Grok 4.5 internal benchmark

GoML used an internal benchmark to approximate enterprise-shaped engineering work, in contrast to isolated coding puzzles. The benchmark is best read as a directional signal: it tests whether a model can reason across a broad, realistic workspace and produce coherent implementation behavior under a fixed harness.

The details are intentionally summarized at a high level in this report. What matters for interpretation is that the same workspace, harness, and public validation flow are held constant, keeping the pilot's focus on the model's practical enterprise behavior instead of benchmark mechanics.

Benchmark shape

At a high level, the exercise starts from a representative internal workspace with implementation details removed while preserving enough structure for the model to infer intended behavior.

The model then has to infer and rebuild behavior across multiple connected areas. This keeps the benchmark close to enterprise use cases without exposing unnecessary implementation detail in the report.

Evaluation scope

The current pilot should be interpreted as a broad public-validation signal; it does not constitute a full production-readiness claim. It is useful for comparing practical model behavior, token efficiency, and operating cost under a consistent enterprise-like workload.

Pilot configuration

Parameter 

Value 

Model 

Grok 4.5 (high) 

Harness 

Fixed agent harness (held constant across models) 

Workspace 

Skeletonized internal platform, working repository only 

Scope 

All feature-level tasks executed in a single session 

Evaluation 

Public suite, independently re-run 

Runtime 

Python 3.13, pytest 

Table 4 — Pilot experimental configuration

Pilot results

Metric 

Result 

Public tests 

63 / 63 passed 

Tasks satisfied 

18 / 18 

Platform coverage 

Full surface across multiple subsystems 

Context consumed 

142,901 tokens (~29% of window) 

Approximate marginal cost 

~$1.86 

Verification wall time 

~1 second for the full public suite 

Table 5 — Aggregate pilot results for Grok 4.5 (high), Run 001.
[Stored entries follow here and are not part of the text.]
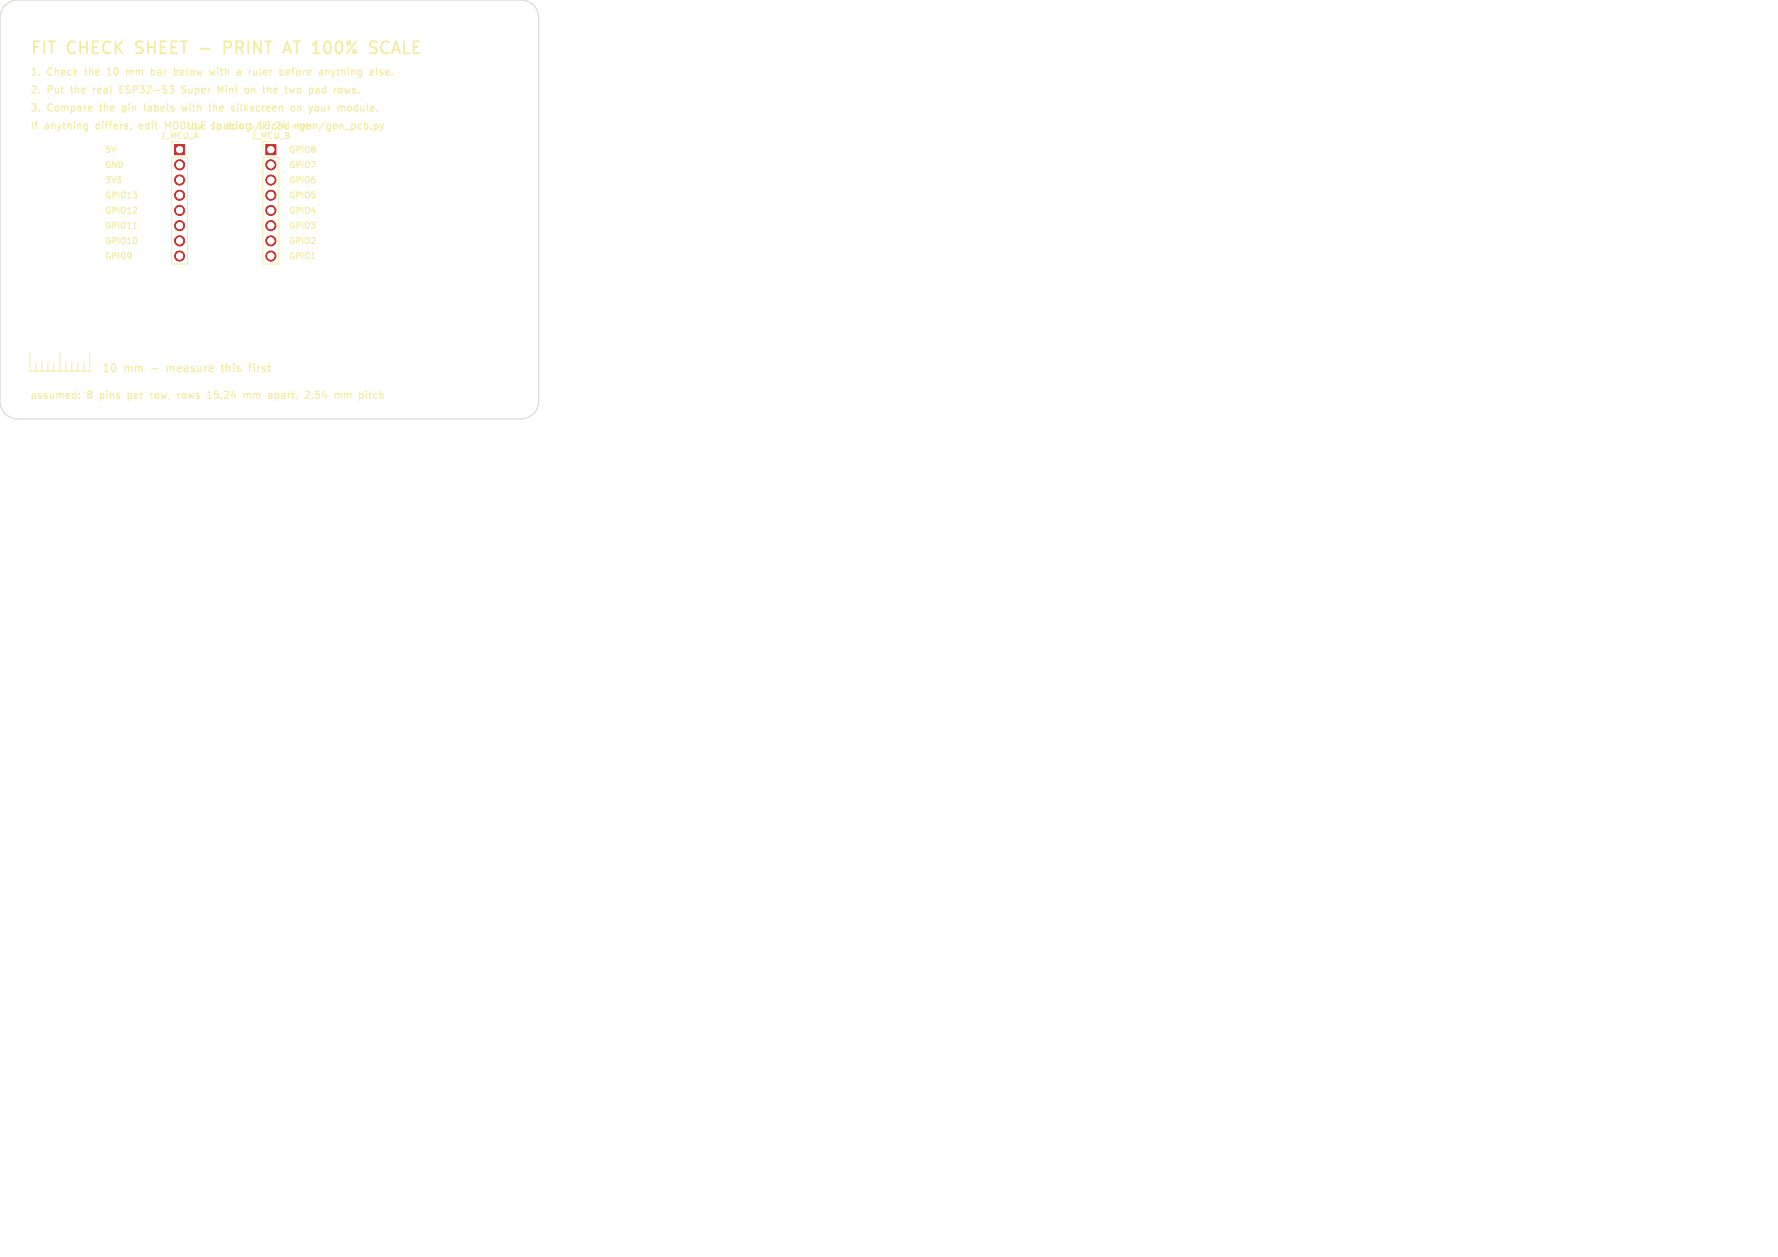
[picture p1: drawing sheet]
<svg xmlns="http://www.w3.org/2000/svg" width="297mm" height="210mm" viewBox="0 0 297 210" stroke-linecap="round" stroke-linejoin="round" font-family="sans-serif">
<defs><g id="words">
<g font-size="2.8" fill="#f2eda1">
<text x="5" y="9.5">FIT</text>
<text x="11.2" y="9.5">CHECK</text>
<text x="23.1" y="9.5">SHEET -</text>
<text x="38.8" y="9.5">PRINT</text>
<text x="49.4" y="9.5">AT 100%</text>
<text x="64.7" y="9.5">SCALE</text>
</g>
<g font-size="1.8" fill="#f2eda1">
<text x="17" y="62.4">10</text>
<text x="20.8" y="62.4">mm</text>
<text x="28.5" y="62.4">measure</text>
<text x="38" y="62.4">this</text>
<text x="42.9" y="62.4">first</text>
</g>
<g font-size="1.7" fill="#f2eda1">
<text x="5" y="15.9">2.</text>
<text x="5" y="12.9">1.</text>
<text x="7.9" y="15.9">Put</text>
<text x="7.9" y="12.9">Check</text>
<text x="12.1" y="15.9">the</text>
<text x="14.5" y="12.9">the</text>
<text x="16.1" y="15.9">real</text>
<text x="18.5" y="12.9">10</text>
<text x="20.8" y="15.9">ESP32-S3</text>
<text x="22" y="12.9">mm</text>
<text x="26.4" y="12.9">bar</text>
<text x="30.5" y="12.9">below</text>
<text x="31.5" y="15.9">Super</text>
<text x="36.8" y="12.9">with</text>
<text x="37.8" y="15.9">Mini</text>
<text x="41.6" y="12.9">a</text>
<text x="42.6" y="15.9">on</text>
<text x="43.9" y="12.9">ruler</text>
<text x="46" y="15.9">the</text>
<text x="49.4" y="12.9">before</text>
<text x="50" y="15.9">two</text>
<text x="54.3" y="15.9">pad</text>
<text x="56.2" y="12.9">anything</text>
<text x="58.8" y="15.9">rows.</text>
<text x="65.1" y="12.9">else.</text>
<text x="5" y="21.9">If</text>
<text x="5" y="18.9">3.</text>
<text x="7.5" y="21.9">anything</text>
<text x="7.9" y="18.9">Compare</text>
<text x="16.3" y="21.9">differs,</text>
<text x="17" y="18.9">the</text>
<text x="21" y="18.9">pin</text>
<text x="23.8" y="21.9">edit</text>
<text x="24.9" y="18.9">labels</text>
<text x="28.4" y="21.9">MODULEspacing</text>
<text x="31" y="21.9">row</text>
<text x="31.6" y="18.9">with</text>
<text x="36.4" y="18.9">the</text>
<text x="36.8" y="21.9">in</text>
<text x="39.7" y="21.9">tools/kicad-gen/gen_pcb.py</text>
<text x="40.4" y="18.9">silkscreen</text>
<text x="43.4" y="21.9">15.24</text>
<text x="49.8" y="21.9">mm</text>
<text x="50.7" y="18.9">on</text>
<text x="54" y="18.9">your</text>
<text x="59.1" y="18.9">module.</text>
<text x="5" y="66.9">assumed:</text>
<text x="14.6" y="66.9">8</text>
<text x="17" y="66.9">pins</text>
<text x="21.9" y="66.9">per</text>
<text x="26" y="66.9">row,</text>
<text x="30.8" y="66.9">rows</text>
<text x="36.1" y="66.9">15.24</text>
<text x="42.5" y="66.9">mm</text>
<text x="46.9" y="66.9">apart,</text>
<text x="53.4" y="66.9">2.54</text>
<text x="58.6" y="66.9">mm</text>
<text x="63" y="66.9">pitch</text>
</g>
<g font-size="1.4" fill="#f2eda1">
<text x="26.7" y="23.4">J_MCU_A</text>
<text x="41.9" y="23.4">J_MCU_B</text>
<text x="17.5" y="28.3">GND</text>
<text x="17.5" y="25.7">5V</text>
<text x="48.2" y="25.7">GPIO8</text>
<text x="48.2" y="28.3">GPIO7</text>
<text x="17.5" y="30.8">3V3</text>
<text x="17.5" y="33.3">GPIO13</text>
<text x="17.5" y="35.9">GPIO12</text>
<text x="48.2" y="33.3">GPIO5</text>
<text x="48.2" y="35.9">GPIO4</text>
<text x="48.2" y="30.8">GPIO6</text>
<text x="17.5" y="38.4">GPIO11</text>
<text x="17.5" y="41">GPIO10</text>
<text x="48.2" y="41">GPIO2</text>
<text x="48.2" y="38.4">GPIO3</text>
<text x="17.5" y="43.5">GPIO9</text>
<text x="48.2" y="43.5">GPIO1</text>
</g>
</g></defs>
<g fill="#c83434" stroke="#c83434" stroke-width=".17">
<path d="M29.2 24.2h1.7v1.7h-1.7z"/>
<path d="M44.4 24.2h1.7v1.7h-1.7z"/>
<circle cx="30" cy="27.5" r=".85"/>
<circle cx="30" cy="30.1" r=".85"/>
<circle cx="30" cy="32.6" r=".85"/>
<circle cx="30" cy="35.2" r=".85"/>
<circle cx="30" cy="37.7" r=".85"/>
<circle cx="30" cy="40.2" r=".85"/>
<circle cx="30" cy="42.8" r=".85"/>
<circle cx="45.2" cy="27.5" r=".85"/>
<circle cx="45.2" cy="30.1" r=".85"/>
<circle cx="45.2" cy="32.6" r=".85"/>
<circle cx="45.2" cy="35.2" r=".85"/>
<circle cx="45.2" cy="37.7" r=".85"/>
<circle cx="45.2" cy="40.2" r=".85"/>
<circle cx="45.2" cy="42.8" r=".85"/>
</g>
<g fill="#fff" stroke="#fff" stroke-width=".17">
<circle cx="30" cy="25" r=".5"/>
<circle cx="30" cy="27.5" r=".5"/>
<circle cx="30" cy="30.1" r=".5"/>
<circle cx="30" cy="32.6" r=".5"/>
<circle cx="30" cy="35.2" r=".5"/>
<circle cx="30" cy="37.7" r=".5"/>
<circle cx="30" cy="40.2" r=".5"/>
<circle cx="30" cy="42.8" r=".5"/>
<circle cx="45.2" cy="25" r=".5"/>
<circle cx="45.2" cy="27.5" r=".5"/>
<circle cx="45.2" cy="30.1" r=".5"/>
<circle cx="45.2" cy="32.6" r=".5"/>
<circle cx="45.2" cy="35.2" r=".5"/>
<circle cx="45.2" cy="37.7" r=".5"/>
<circle cx="45.2" cy="40.2" r=".5"/>
<circle cx="45.2" cy="42.8" r=".5"/>
</g>
<g fill="none" stroke="#f2eda1" stroke-width=".17">
<path d="M22.3 38.2h.5M28.7 23.7v1.3M28.7 26.3h2.6v17.8h-2.6zM43.9 26.3h2.7v17.8h-2.7zM43.9 23.7v1.3M5 59v3M10 59v3M15 59v3M6 60.5v1.5M7 60.5v1.5M8 60.5v1.5M9 60.5v1.5"/>
<path d="M11 60.5v1.5M12 60.5v1.5M13 60.5v1.5M14 60.5v1.5"/>
</g>
<path d="M5 62h10M25.4 61.6h1M28 61.2v.9M28 61.3h.1M36.9 61.2h.5M37.1 60.8v1.1l.3 .2M41.5 61.2h.5M42 60.8l-.3 .2v1.1" fill="none" stroke="#f2eda1" stroke-width=".2"/>
<g fill="none" stroke="#f2eda1" stroke-width=".18">
<path d="M15.3 17.8v.2l-.5 .1M15.6 14.7v.8M15.7 14.9l-.1 .1M17.9 12.5h.7M18.1 11.5l-.2 .2M20 14.9h.4M20.5 17.7v1.2M20.5 18.5h.1M20.6 17.7l-.1 .1M20.6 14.3h-.6v1.2h.6M21.2 11.7v.8M21.5 11.7l-.3 .2"/>
<path d="M24.1 17.3v1.1l.2 .1M25.3 11.8l.3-.1 .3 .3-.2 .5h-.4M25.3 11.3v1.2M29.2 11.7l.4 .1 .1 .2-.1 .4-.4 .1M30.4 17.7l.2 .8 .2-.5 .3 .5M31.1 15.3l-.3 .2h-.4M31.1 14.4l-.5-.1-.2 .3 .1 .3 .4 .1 .2 .2M34.8 17.7h.5M35 18.4l.3 .1M35.7 17.3v1.2M35.9 17.7l-.2 .2M35.9 11.7l-.2 .8-.2-.5-.3 .5"/>
<path d="M36.4 14.3l.4 .9 .4-.9v1.2M39.7 17.3v.2M39.7 17.7v.8M41.3 14.7l.2 .3v.3l-.2 .2M42 14.7v.8M42.2 14.7l-.2 .2M43.5 11.3v1.2M44 14.3v1.1M44.7 14.3v1.2M44.9 14.7l.3 .2v.6M47.8 12.4l.2 .1h.3M47.8 11.9l.2-.2h.2l.2 .2v.1l-.6 .1"/>
<path d="M48.7 17.9l.1-.2 .4 .2v.4l-.1 .2h-.3l-.1-.1zM48.7 11.7h.5M49.2 14.7l-.2 .8-.2-.5M49.7 17.7v.8M50.2 17.8l-.3-.1-.2 .2M52.8 17.7l.3 .1 .1 .2v.4l-.4 .1M53.1 14.7l.2 .2v.6M53.3 15.5h-.4M53.3 15l-.4 .1M54.6 11.7l.3 .2v.6M55.4 11.7l.3 .8M55.7 12.5l-.3 .4"/>
<path d="M56 11.7l-.3 .8M57.6 14.7l.2 .8 .2-.5 .3 .5 .2-.8M58.7 18l-.3-.3-.3 .1-.1 .2 .1 .5h.3l.3-.2M62.9 12.5h.2M63.9 11.8l-.3-.1-.1 .2v.2l.4 .1v.3h-.4M64.6 11.7l-.2 .2v.5l.2 .1M65 12l-.6 .1M14.3 20.7l.3 .1M14.6 20.7v1l-.1 .2h-.3M14.6 21.5h-.3M21.9 21.5l-.1 .2M23.3 20.8v.7"/>
<path d="M23.9 21l-.6 .1M28 21.2l-.4-.9v1.2M60.9 20.8l.3-.1 .3 .3-.2 .5h-.4M60.9 20.3v1.2M62 21.4v.1M62.5 20.8l.4-.1 .2 .3-.1 .5h-.5M62.5 20.7v1.2M63.5 20.7l.3 .8M63.8 21.5l-.3 .4M64.1 20.7l-.3 .8M13.2 66.4v.1M13.2 65.8v.1"/>
<path d="M21.4 65.7v1.2M21.4 66.5h.1M21.5 65.7l-.1 .1M25.2 65.7v.8M25.5 65.7l-.3 .3M29.7 65.7v.8M30.1 65.7l-.4 .3M34.7 66.5h.6M34.9 65.5l.1-.2v1.2M40.8 65.9l.3-.2 .2 .2M41.3 65.9l.2-.2 .2 .1 .1 .7M41.3 65.9v.6"/>
<path d="M46 65.8h.4M46 66.5h.4M46 65.7v1.2M51.6 65.4l.1 .2-.1 .3-.7 .6h.8M52.2 66.4v.1M52.7 66.4l.2 .1M53.3 65.3h-.5l-.1 .6 .2-.1M57.6 65.9l.3-.2 .2 .2M57.6 65.7v.8M58.1 65.9v.6M58.1 65.8v.1M61.2 65.3l-.1 .1"/>
<path d="M61.2 65.3v.1M61.2 65.3v.2M61.6 65.7h.4M61.7 65.3v1.1M61.8 66.5h.2M62.6 65.7l-.2 .3v.3l.2 .2"/>
</g>
<path d="M37.5 8h.7M38.2 6.9h-.7v2M47.5 8.3h.9M48 6.9l.6 2M62.5 8a.49 .49 0 0 1 .4 .4 .49 .49 0 0 1-.4 .5M62.6 6.9l.3 .1M63.9 7.2a1.39 1.39 0 0 0 0 1.4" fill="none" stroke="#f2eda1" stroke-width=".3"/>
<path d="M.9 .9l1-.7 1.1-.2h84a3 3 0 0 1 3 3v64a3 3 0 0 1-3 3h-84a3 3 0 0 1-3-3v-64l.2-1.1z" fill="none" stroke="#d0d2cd" stroke-width=".17"/>
<use href="#words"/>
</svg>

The public suite was re-executed independently and returned 63 passing tests, confirming the reported outcome.

Cost

The complete pilot run incurred an approximate marginal cost of $1.86. This is the strongest enterprise signal: Grok 4.5 delivered useful reasoning over a realistic internal-style workload at a cost low enough for routine automation, repeated evaluation, and broader model comparison.

Speed

Two speed characteristics apply and should be read separately. Output throughput is strong at roughly 90 tokens per second, so once generation starts, the model produces code quickly. First-token latency is high at roughly 13.8 seconds, reflecting reasoning time before output. For a single-session batch reconstruction of this kind, sustained throughput matters more than first-token latency, and the full public suite verified in about one second of test time.

Context efficiency

The model used 142,901 tokens, approximately 29% of the available context window. For an enterprise-sized task, this is a low consumption profile and leaves substantial unused capacity for larger specifications, longer repositories, or repeated agentic steps.

Analysis and interpretation of Grok 4.5

The internal benchmark should be read directionally. It indicates that Grok 4.5 can operate over a broad enterprise-style workspace, infer intended behavior, and produce outputs that satisfy the public validation layer, while doing so with low cost and modest token usage.

Grok 4.5 is worth prioritizing for enterprise use cases where strong reasoning must be delivered economically. Its low token consumption in this pilot strengthens the case, showing it can handle substantial work without exhausting the available context budget.

Conclusion

Grok 4.5 (high) presents a strong enterprise profile: high reasoning capability, a large context window, low blended cost, and efficient token usage. In the internal pilot, it completed a broad enterprise-style evaluation at roughly $1.86 while using only about 29% of the available context window. Grok 4.5 offers one of the best cost-to-intelligence profiles for agentic and enterprise use cases, especially where repeated intelligent execution must stay economical. Broader multi-model comparison remains the next step.